--- Your assignment ---
Please give back, exactly as written, only the line containing "Next target: the dragon" and every line after it until the data below ends.

--- Items listed in a dataset ---
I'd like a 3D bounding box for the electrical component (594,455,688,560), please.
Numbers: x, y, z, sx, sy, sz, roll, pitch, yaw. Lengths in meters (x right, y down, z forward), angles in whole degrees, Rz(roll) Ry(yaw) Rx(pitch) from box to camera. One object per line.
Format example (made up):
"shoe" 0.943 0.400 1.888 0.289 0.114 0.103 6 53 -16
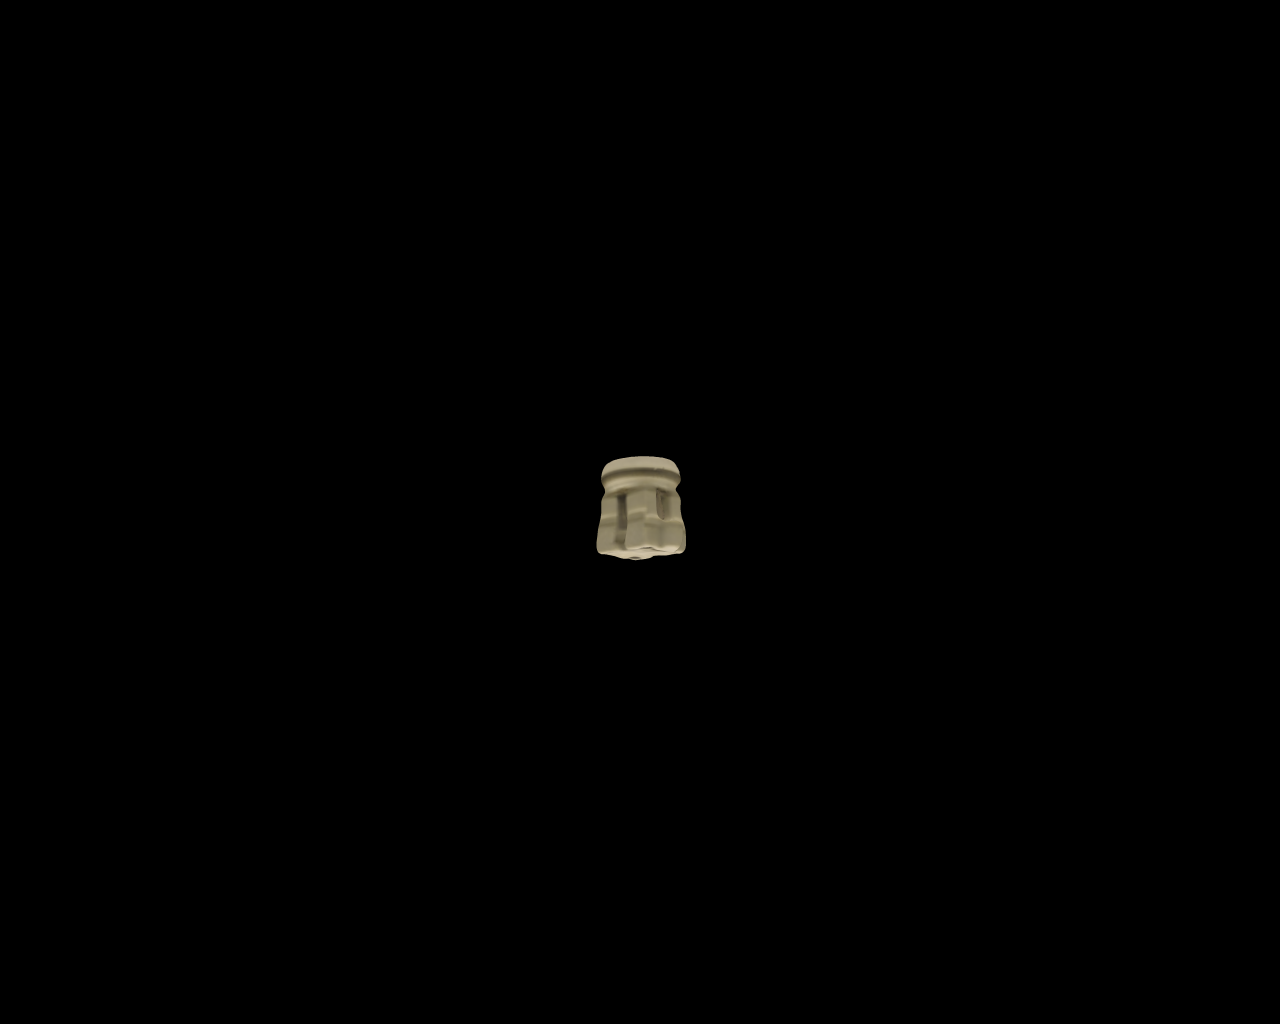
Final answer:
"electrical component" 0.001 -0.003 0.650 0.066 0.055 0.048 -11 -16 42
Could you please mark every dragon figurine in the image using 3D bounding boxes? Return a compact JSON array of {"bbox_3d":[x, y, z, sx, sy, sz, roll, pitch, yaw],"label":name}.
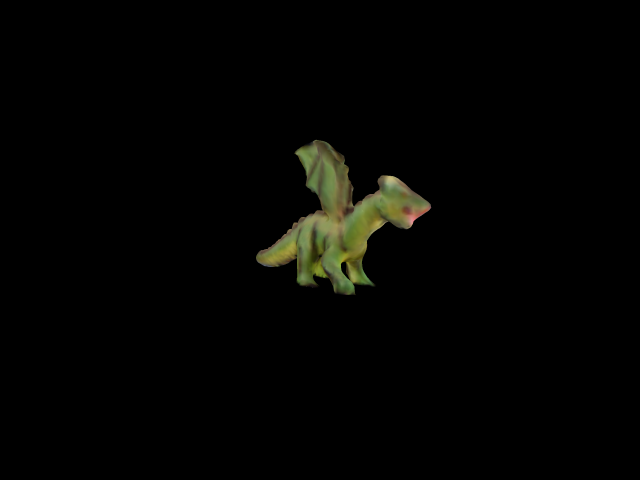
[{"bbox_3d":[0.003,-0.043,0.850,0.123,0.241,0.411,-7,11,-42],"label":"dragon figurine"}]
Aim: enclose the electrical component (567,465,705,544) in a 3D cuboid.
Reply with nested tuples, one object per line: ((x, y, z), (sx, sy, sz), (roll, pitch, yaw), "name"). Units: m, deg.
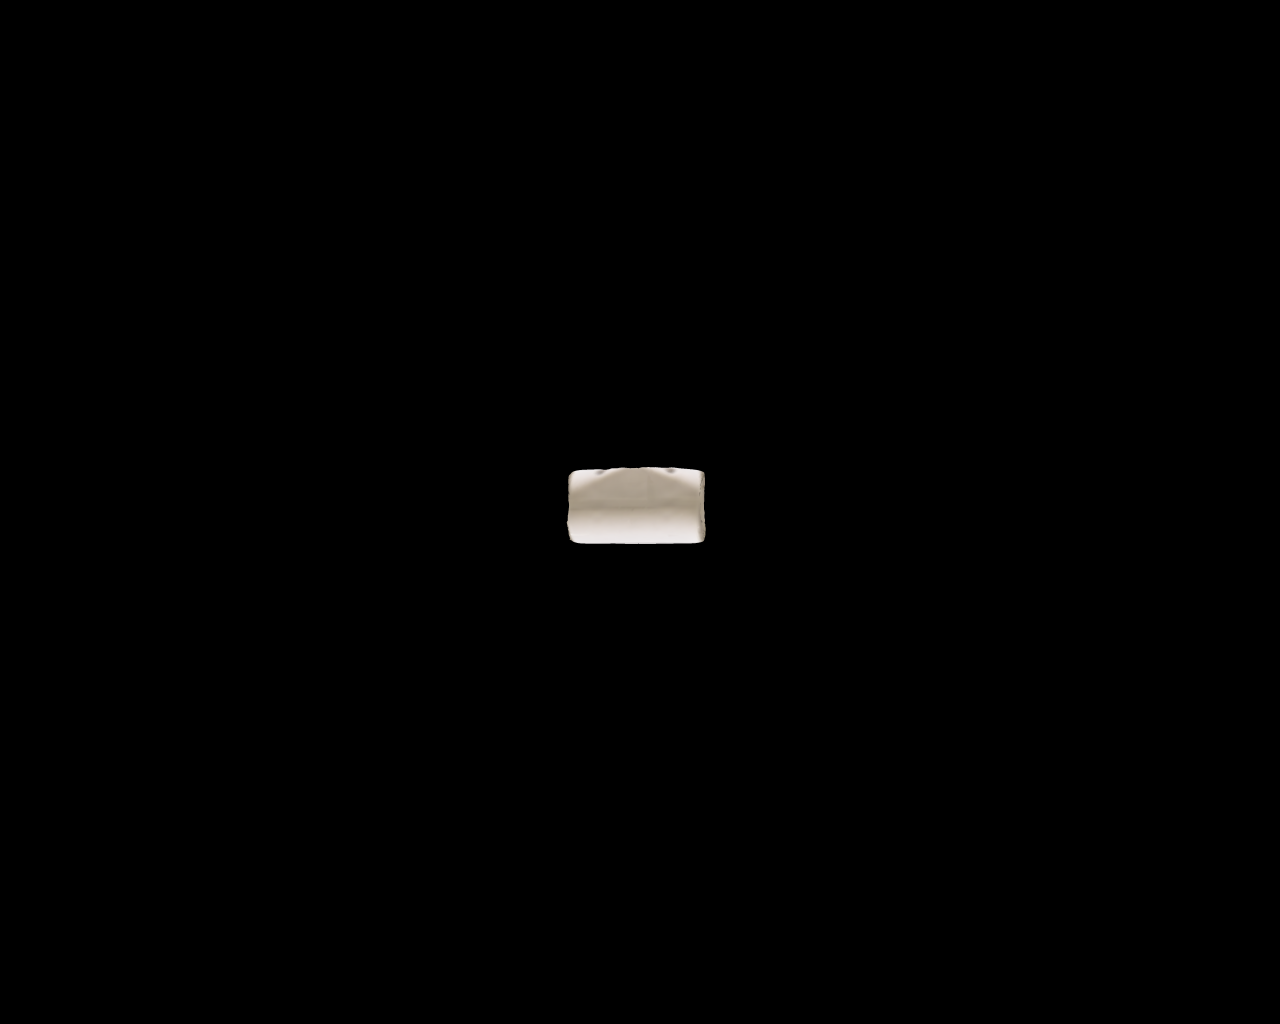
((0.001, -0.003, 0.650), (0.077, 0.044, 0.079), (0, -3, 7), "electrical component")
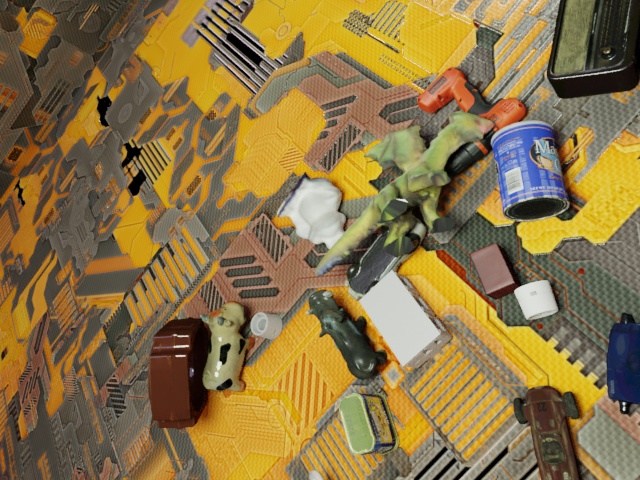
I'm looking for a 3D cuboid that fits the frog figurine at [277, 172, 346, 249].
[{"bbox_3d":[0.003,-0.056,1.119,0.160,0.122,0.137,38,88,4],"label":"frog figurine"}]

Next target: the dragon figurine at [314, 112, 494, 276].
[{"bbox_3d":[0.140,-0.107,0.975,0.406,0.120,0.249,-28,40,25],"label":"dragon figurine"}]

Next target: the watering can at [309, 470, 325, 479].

--- Exercise response ---
Next target: the dragon figurine at [314, 112, 494, 276].
[{"bbox_3d":[0.140,-0.107,0.975,0.406,0.120,0.249,-28,40,25],"label":"dragon figurine"}]

Next target: the watering can at [309, 470, 325, 479].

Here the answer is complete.